Exactly as they appear below, repeat the lines from the one with "Lengths in meters, angles in degrees." through the one with "- lint roller <box>625,261,1035,812</box>", and no others.

━━━━━ Extracted data ━━━━━

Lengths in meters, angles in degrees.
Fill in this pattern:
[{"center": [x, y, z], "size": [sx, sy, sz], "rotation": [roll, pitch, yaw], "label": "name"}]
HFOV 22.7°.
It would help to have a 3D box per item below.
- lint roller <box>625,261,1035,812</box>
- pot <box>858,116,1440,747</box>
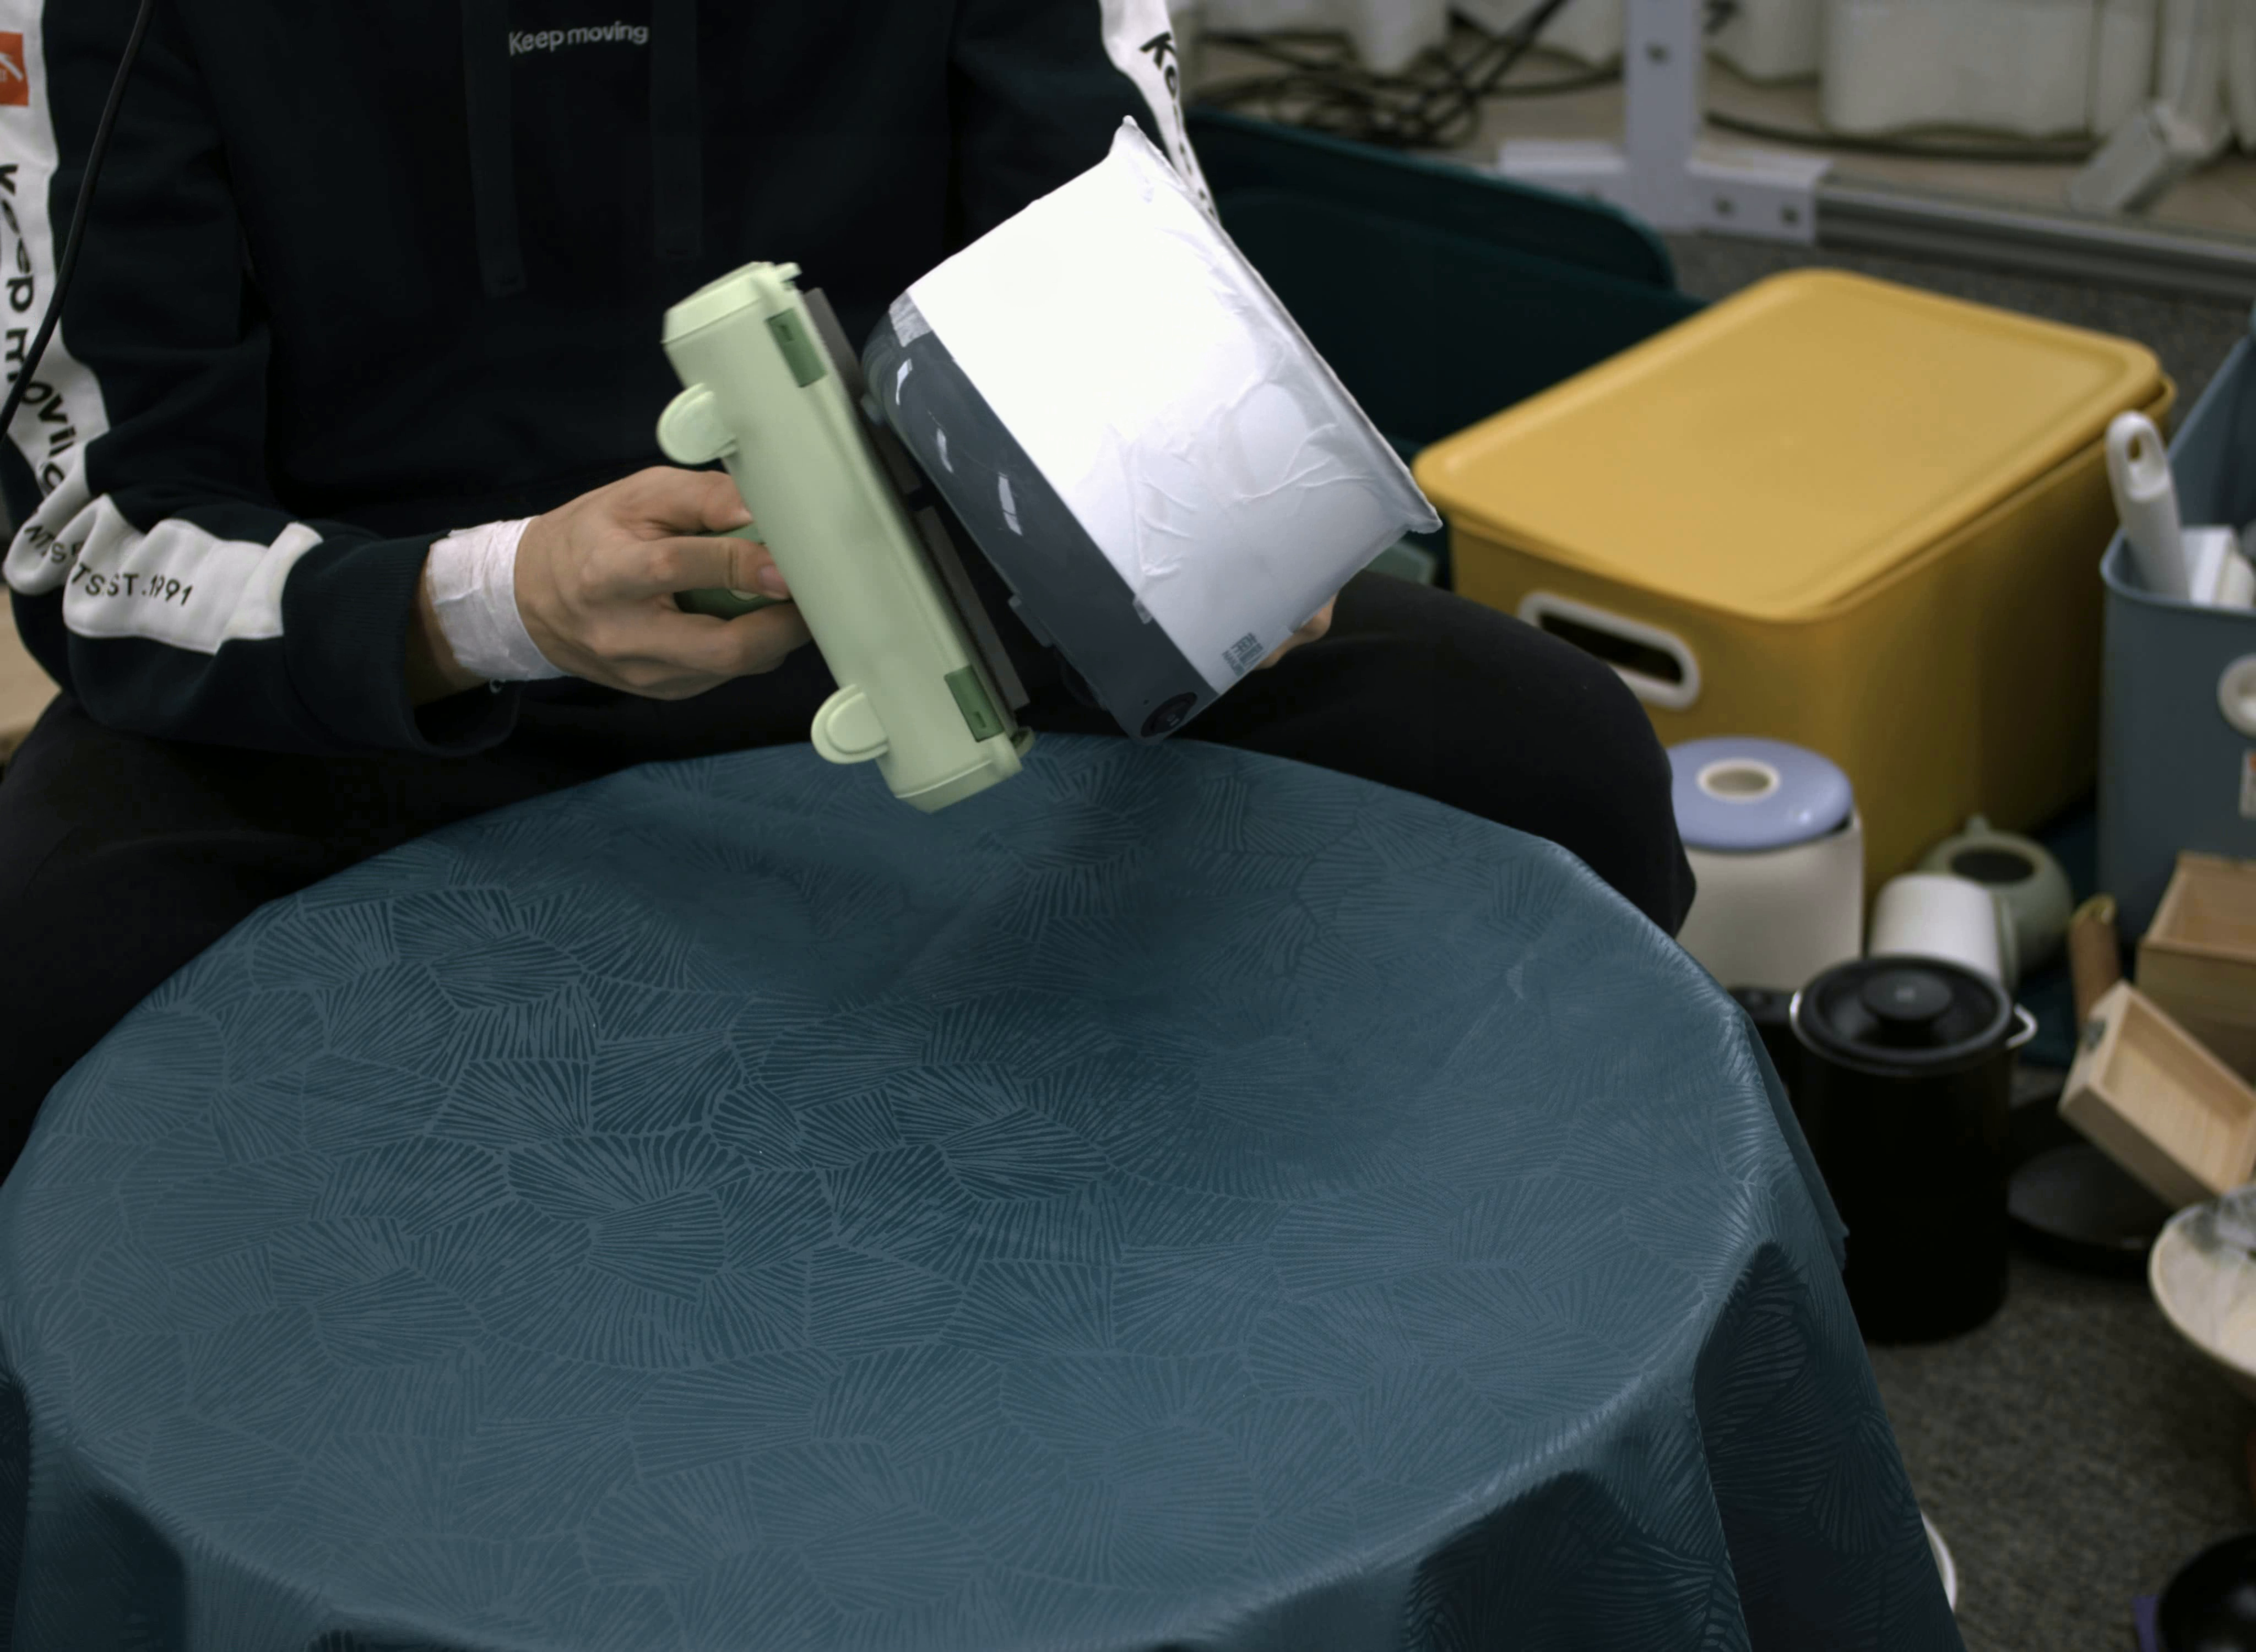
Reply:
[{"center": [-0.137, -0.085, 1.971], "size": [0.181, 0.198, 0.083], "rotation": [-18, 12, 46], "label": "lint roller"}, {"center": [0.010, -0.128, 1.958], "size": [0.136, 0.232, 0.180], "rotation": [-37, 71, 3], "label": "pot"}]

━━━━━
━━━━━ Extracted data ━━━━━

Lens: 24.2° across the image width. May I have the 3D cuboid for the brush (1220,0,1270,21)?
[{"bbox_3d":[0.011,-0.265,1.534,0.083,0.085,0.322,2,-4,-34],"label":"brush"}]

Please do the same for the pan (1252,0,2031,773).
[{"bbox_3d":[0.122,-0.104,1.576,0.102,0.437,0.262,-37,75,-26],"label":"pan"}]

━━━━━
━━━━━ Extracted data ━━━━━

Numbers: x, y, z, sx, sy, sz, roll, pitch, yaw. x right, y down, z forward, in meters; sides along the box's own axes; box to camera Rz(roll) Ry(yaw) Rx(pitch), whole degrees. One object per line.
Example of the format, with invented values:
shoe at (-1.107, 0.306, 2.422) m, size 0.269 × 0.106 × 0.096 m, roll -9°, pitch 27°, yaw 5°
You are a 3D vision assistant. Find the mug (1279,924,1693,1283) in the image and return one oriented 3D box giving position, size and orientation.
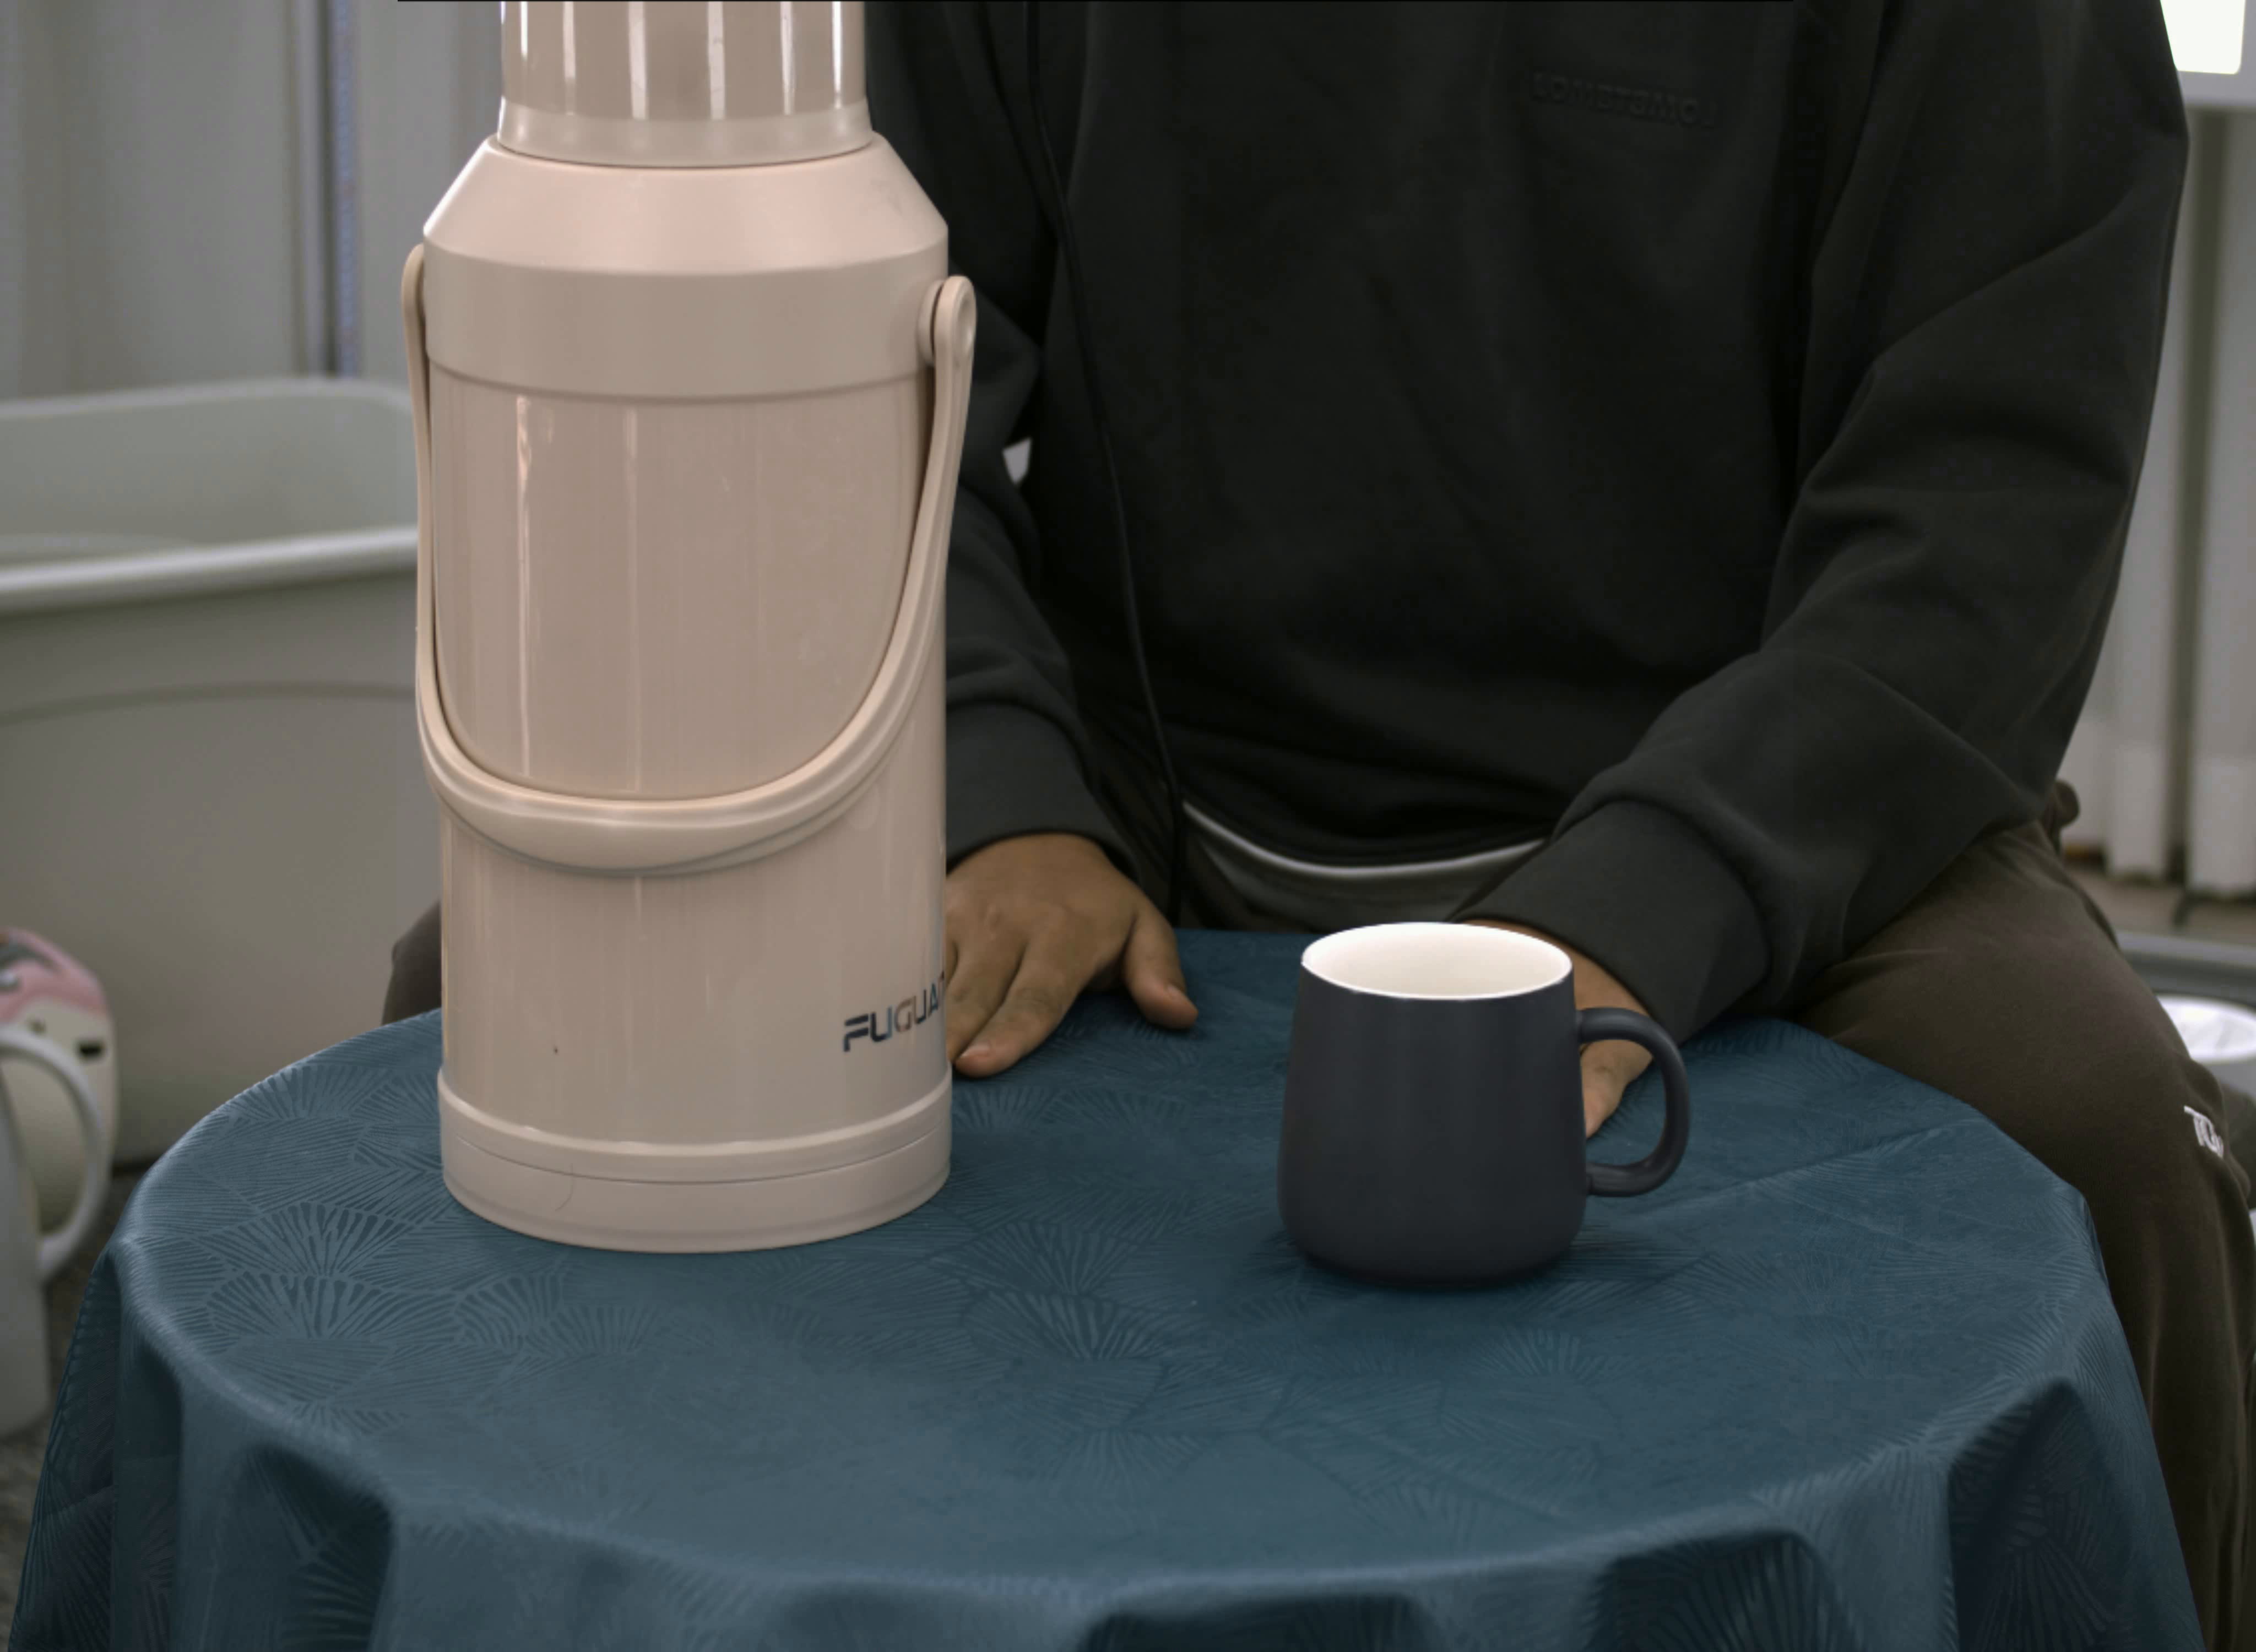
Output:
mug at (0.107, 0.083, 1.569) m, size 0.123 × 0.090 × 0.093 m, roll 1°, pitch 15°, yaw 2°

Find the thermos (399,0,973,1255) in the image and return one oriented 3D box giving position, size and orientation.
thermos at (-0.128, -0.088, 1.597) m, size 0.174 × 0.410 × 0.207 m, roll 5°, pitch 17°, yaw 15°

━━━━━

Solution -
Lengths in meters, angles in degrees.
Fill in this pattern:
[{"center": [x, y, z], "size": [sx, sy, sz], "rotation": [roll, pitch, yaw], "label": "name"}]
HFOV 22.7°.
It would help to have a 3D box per item below.
- lint roller <box>625,261,1035,812</box>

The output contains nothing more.